Balletskandal in Berlin : Ist der Nussknacker rassistisch?

Ein Kommentar von Wiebke Hüster
Aktualisiert am 24.11.2021

Das Staatsballett Berlin setzt den „Nussknacker” ab – weil die Darstellung der Chinesen und Orientalen darin rassistisch sei. Für wie dämlich hält man das Publikum?

„Das Staatsballett Berlin hat massive Probleme. Seit 2020 steht Christiane Theobald, ehemals Stellvertreterin einer ganzen Phalanx längst vergessener Direktoren, selbst kommissarisch an der Spitze. Das Ensemble ist zunehmend unattraktiv: für Tänzer, weil sie bis 2023 keinen Direktor haben werden, der mit ihnen im Ballettsaal steht, aber auch für ein Publikum, dem immer wieder vorgesetzt wird, was noch so spielbar im Repertoire ist. Aber es ist noch schlimmer. Die Berliner B.Z. hat es gemerkt. Weihnachten ist die Saison für ein berühmtes Ballett des neunzehnten Jahrhunderts, eines von Peter Iljitsch Tschaikowsky, von Marius Petipa und noch mehr von Lew Iwanow. Die B.Z. fragt also: Wo bleibt „Der Nussknacker“ in diesem Jahr? Auf dem Spielplan steht er nämlich nicht.

Theobald erklärt, den könne sie nicht spielen, denn darin gäbe es einen Chinesischen Tanz und einen Orientalischen Tanz. Ballettensem­bles rund um den Globus bürsten derzeit die Mäusekostüme aus und putzen die Nussknackerdegen blank für den großen Kampf, der den halben Jahresetat einspielt. Für Christiane Theobald aber ist „Der Nussknacker“ ein klarer Fall von Rassismus, besonders in dieser Fassung, einer wissenschaftlich fundierten, russisch geleiteten Rekonstruktion des Originals von 1892.“ (…)

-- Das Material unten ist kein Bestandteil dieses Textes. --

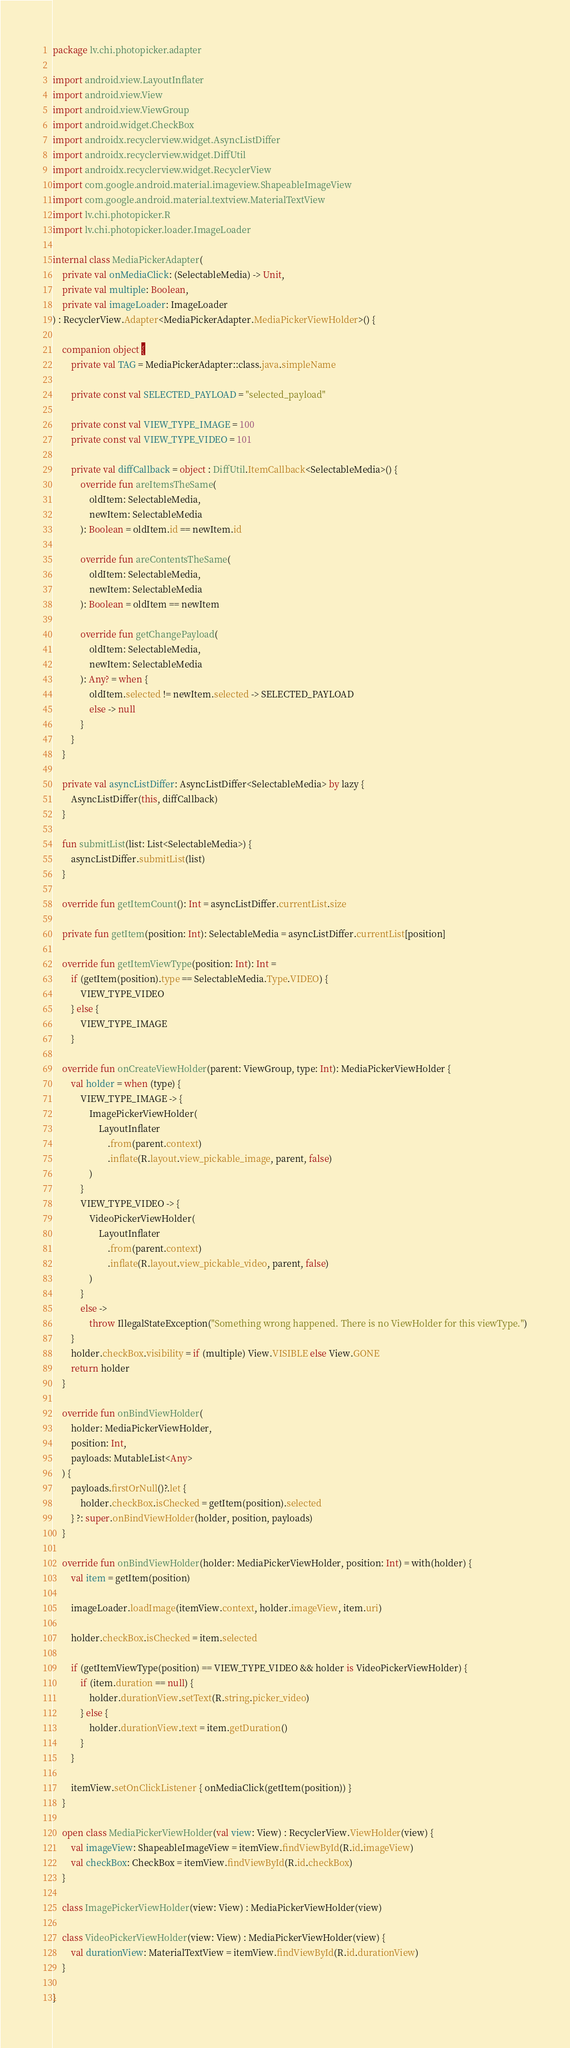Convert code to text. <code><loc_0><loc_0><loc_500><loc_500><_Kotlin_>package lv.chi.photopicker.adapter

import android.view.LayoutInflater
import android.view.View
import android.view.ViewGroup
import android.widget.CheckBox
import androidx.recyclerview.widget.AsyncListDiffer
import androidx.recyclerview.widget.DiffUtil
import androidx.recyclerview.widget.RecyclerView
import com.google.android.material.imageview.ShapeableImageView
import com.google.android.material.textview.MaterialTextView
import lv.chi.photopicker.R
import lv.chi.photopicker.loader.ImageLoader

internal class MediaPickerAdapter(
    private val onMediaClick: (SelectableMedia) -> Unit,
    private val multiple: Boolean,
    private val imageLoader: ImageLoader
) : RecyclerView.Adapter<MediaPickerAdapter.MediaPickerViewHolder>() {

    companion object {
        private val TAG = MediaPickerAdapter::class.java.simpleName

        private const val SELECTED_PAYLOAD = "selected_payload"

        private const val VIEW_TYPE_IMAGE = 100
        private const val VIEW_TYPE_VIDEO = 101

        private val diffCallback = object : DiffUtil.ItemCallback<SelectableMedia>() {
            override fun areItemsTheSame(
                oldItem: SelectableMedia,
                newItem: SelectableMedia
            ): Boolean = oldItem.id == newItem.id

            override fun areContentsTheSame(
                oldItem: SelectableMedia,
                newItem: SelectableMedia
            ): Boolean = oldItem == newItem

            override fun getChangePayload(
                oldItem: SelectableMedia,
                newItem: SelectableMedia
            ): Any? = when {
                oldItem.selected != newItem.selected -> SELECTED_PAYLOAD
                else -> null
            }
        }
    }

    private val asyncListDiffer: AsyncListDiffer<SelectableMedia> by lazy {
        AsyncListDiffer(this, diffCallback)
    }

    fun submitList(list: List<SelectableMedia>) {
        asyncListDiffer.submitList(list)
    }

    override fun getItemCount(): Int = asyncListDiffer.currentList.size

    private fun getItem(position: Int): SelectableMedia = asyncListDiffer.currentList[position]

    override fun getItemViewType(position: Int): Int =
        if (getItem(position).type == SelectableMedia.Type.VIDEO) {
            VIEW_TYPE_VIDEO
        } else {
            VIEW_TYPE_IMAGE
        }

    override fun onCreateViewHolder(parent: ViewGroup, type: Int): MediaPickerViewHolder {
        val holder = when (type) {
            VIEW_TYPE_IMAGE -> {
                ImagePickerViewHolder(
                    LayoutInflater
                        .from(parent.context)
                        .inflate(R.layout.view_pickable_image, parent, false)
                )
            }
            VIEW_TYPE_VIDEO -> {
                VideoPickerViewHolder(
                    LayoutInflater
                        .from(parent.context)
                        .inflate(R.layout.view_pickable_video, parent, false)
                )
            }
            else ->
                throw IllegalStateException("Something wrong happened. There is no ViewHolder for this viewType.")
        }
        holder.checkBox.visibility = if (multiple) View.VISIBLE else View.GONE
        return holder
    }

    override fun onBindViewHolder(
        holder: MediaPickerViewHolder,
        position: Int,
        payloads: MutableList<Any>
    ) {
        payloads.firstOrNull()?.let {
            holder.checkBox.isChecked = getItem(position).selected
        } ?: super.onBindViewHolder(holder, position, payloads)
    }

https://www.faz.net/aktuell/feuilleton/rassismusvorwurf-staatsballett-berlin-streicht-den-nussknacker-17650394.html

Kommentar GB:

Die Sprengung der monumentalen historischen Buddhastuen von Bamiyan durch die Taliban ist mit dieser Fehlbeurteilung vergleichbar. Allerdings kann man zugunsten der Taliban vorbringen, daß sie nicht wußten, was sie taten. Dies jedenfalls in dem Sinne, daß sie mit Sicherheit über keinerlei Vorstellung vom Buddhismus verfügen, außer der, daß solche Standbilder islamisch nicht vorgesehen und somit zu zerstören sind.

Mit Blick auf das klassische kulturelle Erbe Europas wäre jedoch die Annahme abwegig, die Direktorin des Staatsballetts Berlin verfüge nicht über die einschlägige Kenntnis. Also weiß sie, was sie tut. Ihr dürfte oder sollte auch bewußt sein, daß sie sich selbst einer hochgradig problematischen zeitgeistigen Ideologie untergeordnet hat. Aber dieser bewußte Verrat am kulturellen Erbe kann nicht wie im Falle der Taliban mit Unwissenheit entschuldigt werden.